Monday, 30 March 2009

Day Four and catching up

Mac was taken to school by Granny today. I insisted and all but threw them out of the door. Then I felt terrible and rang Dawn, asking her to text me when they arrived at school. "Take a stroll along Nunhead Lane afterwards Amelia!" I said cheerily as they departed and I slumped onto the sofa. It's no exaggeration to say that it's been hell for the past couple of days. Those without in-laws (or those with nice in-laws) gape at me when I start snarling about Amelia but David left for work early today and was whistling.
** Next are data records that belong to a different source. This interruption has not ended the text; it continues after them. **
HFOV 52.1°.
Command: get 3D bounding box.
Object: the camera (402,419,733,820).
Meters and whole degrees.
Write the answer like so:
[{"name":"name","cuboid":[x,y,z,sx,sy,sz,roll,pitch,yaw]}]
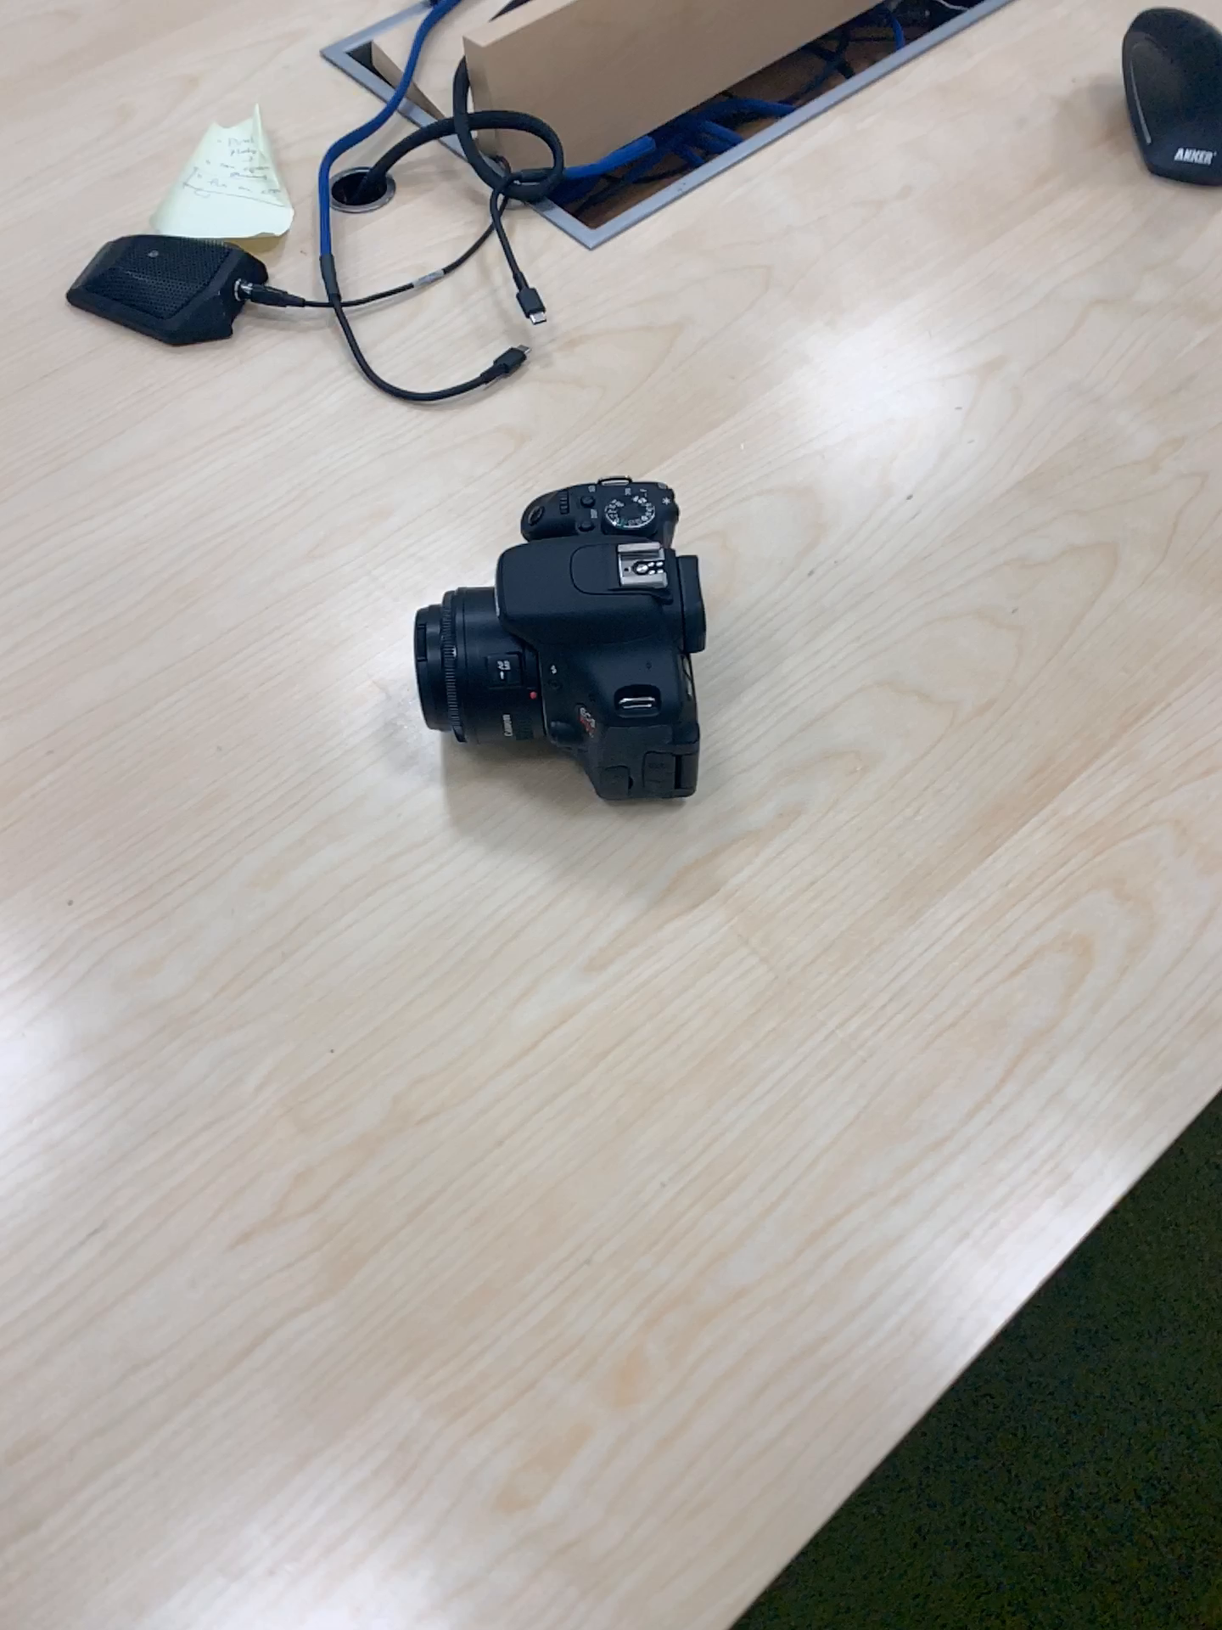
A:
[{"name":"camera","cuboid":[-0.018,-0.080,0.523,0.120,0.090,0.130,-4,61,0]}]

Thursday, when she arrived, set the scene for her entire stay so far. David tells me it can only get better but, as he was telling me this from a restaurant at Tower Bridge and I was sitting here with her and a frugal ham sandwich, I'm not convinced. Apparently, he is looking peaky - amazing that she knew seeing as this statement was made three hours before arrived home on Thursday night. David's Ex Wife "knew how to look after him" - this was said as she sifted through the ironing basket after twenty minutes on the premises. I am also "ruining Mackenzie" by letting him have half an hour of television before David comes home. This from a woman who gave him three bags of Haribo sweets when he got home from school and refused to let me put some away for later. "Leave him! Children need to make choices". Mac didn't make any choices between the bears or the strawberries or the sour mix but poured them all in a bowl and got down to munching. Said bowl is now somewhere unaccessible for a five year old. She asked me yesterday what I'd done with them - I professed not to hear and turned the radio up.
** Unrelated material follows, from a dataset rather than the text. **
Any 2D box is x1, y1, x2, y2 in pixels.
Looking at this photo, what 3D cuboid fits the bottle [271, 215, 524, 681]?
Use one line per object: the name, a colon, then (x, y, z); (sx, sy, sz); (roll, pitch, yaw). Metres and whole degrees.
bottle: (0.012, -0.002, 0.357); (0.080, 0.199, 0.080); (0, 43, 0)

On Thursday she asked to see the menu for the week - I gazed at her and mumbled something about "chops for tonight, fish and chips for tomorrow and stew for Saturday" which made her sniff haughtily and question my imagination on the "cooking front". The house wasn't up to her standards either - I could tell this by the way she ran her finger along the window sill and examined it closely. The speck of dust she found was then magnified immensely and she started asking me if I'd seen that "brilliant machine that gets rid of bed lice". I've had nightmares ever since of bed bugs the size of Amelia criticising my bed linen "which wouldn't look out of place in a bordello". The bathroom also came under fire: "do you need all this clutter in here?" she demanded, pointing to my glass sail boat and crystal seahorse who were minding their own business on the towel cabinet. On Saturday she tugged all of our coats off of the coat rack and into a heap and told me to "sort through these, surely you can ditch a couple?" I was so tempted to bin her hideous puffa jacket thing. So, so tempted......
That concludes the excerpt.